= Terry Ruane =

English theatre director (1946–2024)

Terry Ruane (21 November 1946 – 13 October 2024) was an English actor and theatre director.

== Life and career ==
Ruane became profoundly deaf as a result of meningitis at the age of five. Although educated in an oral school, he was also a sign language user, and from 1974 he was the General Manager of the British Theatre of the Deaf under Pat Keysell which was the first-ever professional company of deaf actors to tour Great Britain presenting plays in sign language. When Keysell resigned in 1976, Ruane went on to develop and tour his own company, Interim Theatre Company, which continued for some years and he is believed to be the first deaf person in the UK to co-direct a play, Hearing at Birmingham Repertory Theatre in 1979.

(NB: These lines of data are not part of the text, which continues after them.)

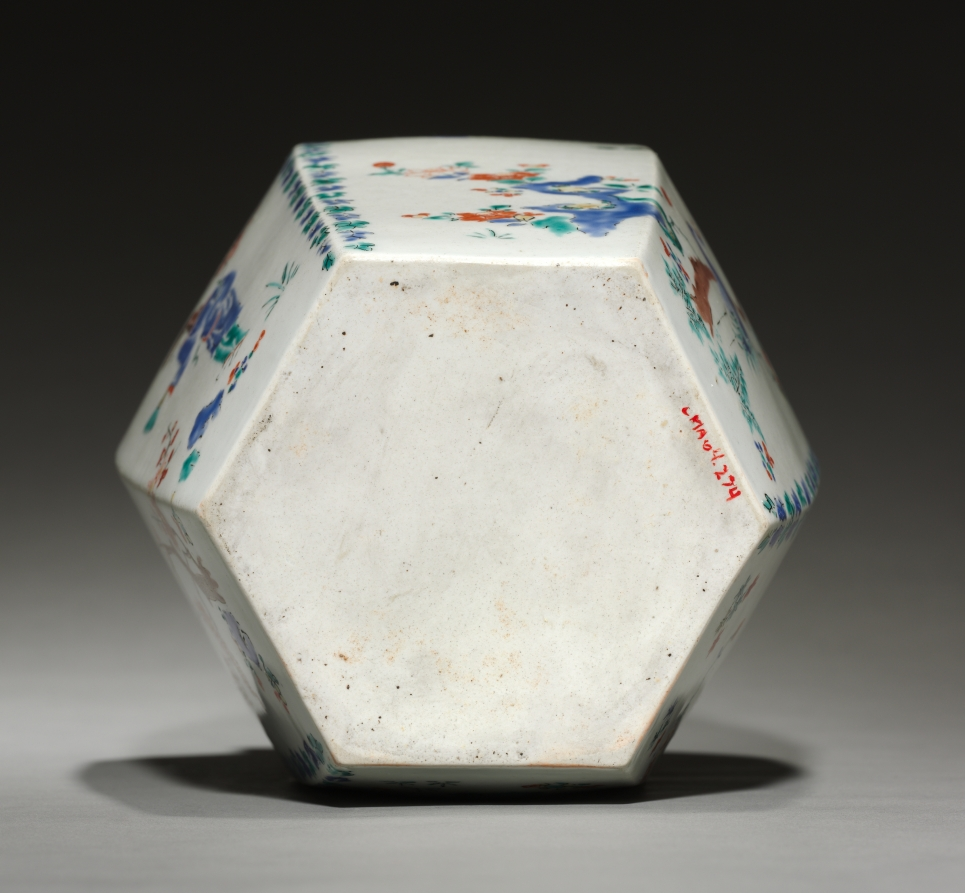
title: Hexagonal Jar
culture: Japan, Edo period (1615–1868)
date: late 1600s
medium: One of a pair; porcelain with overglaze color enamel and gold decoration (Hizen ware, Kakiemon type)
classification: Ceramic
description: This kakiemon-type jar with plum design is a product made for the European markets. Here, Japanese kakiemon potters transformed the typical plum, bamboo, and pine motifs into a theme appreciating the plum. The 9th-century Japanese scholar and politician Sugawara Michizane established the plum as a symbol of scholarship. An excellent poet, particularly of Chinese-style poetry, he was also well known for his love of plum blossoms. Later, the plum came to represent tenmangu, a shrine for Sugawara.
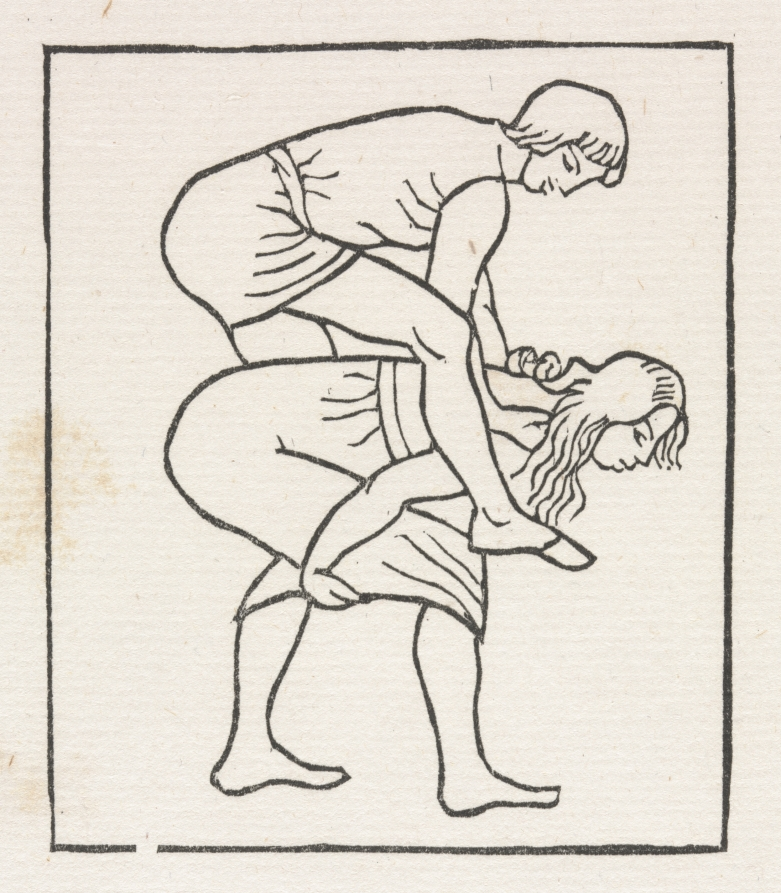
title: Daphnis and Chloe: Daphnis Puts the Apple into Chloe's Bosom
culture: France, 20th century
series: similiar to Daphnis and Chloe, Pantheon Books Inc., 1949 p. 145
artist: Aristide Maillol (French, 1861–1944)
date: 1937
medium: woodcut
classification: Print
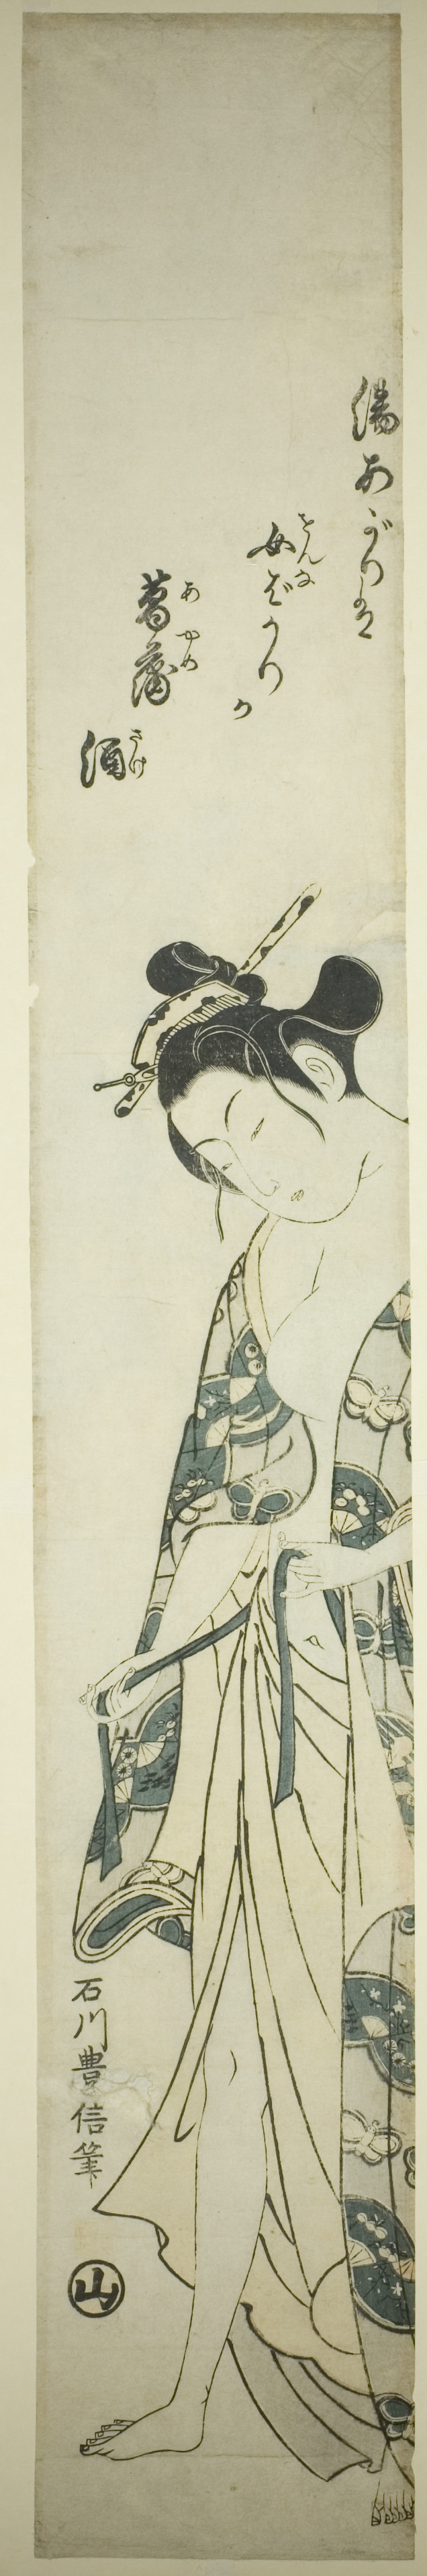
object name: Print
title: Woman Dressing after Her Bath
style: Japanese (culture or style)
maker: Ishikawa Toyonobu (Japanese, 1711-1785)
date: c. 1755/65
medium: Color woodblock print; hashira-e, benizuri-e
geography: Japan
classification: woodblock print; print; asian art
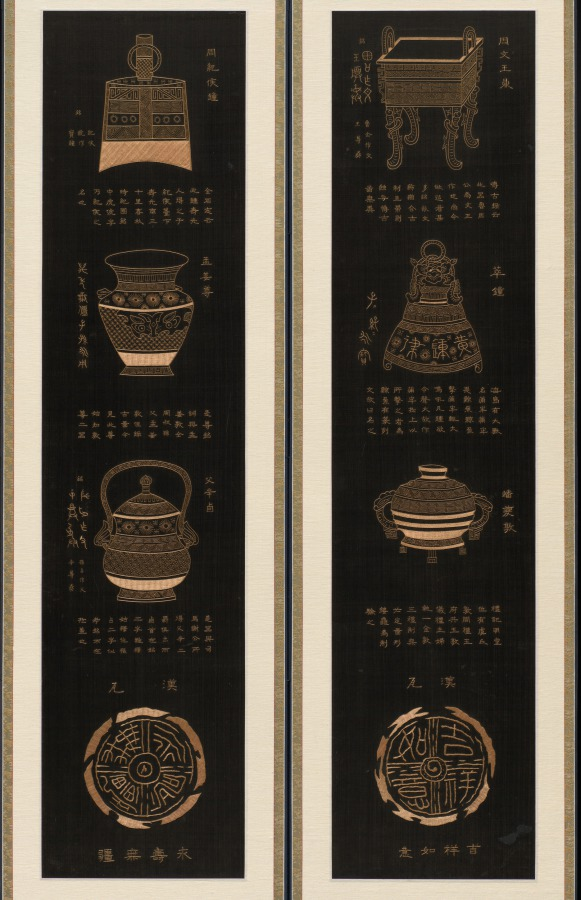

In the early 1980s he had various projects occupying him in the United States, and was involved in setting up the London production of Children of a Lesser God and later ran a Theatre in Education project using sign language for children in special schools. In 1984, he wrote and acted in the first of several BBC See Hear Christmas specials during which time he also did a stint on the program as a reporter up to 1996. He had worked both as a lecturer and moderator on a course at Reading University which specializes in theatre arts using sign language. When he retired, he still ran Theatresign, a company that supplies West End and regional Theatres with sign language interpreters including his ex-wife Donna Ruane.

Ruane retired in September 2024, having been diagnosed with cancer. He died the following month, on 13 October, at the age of 77.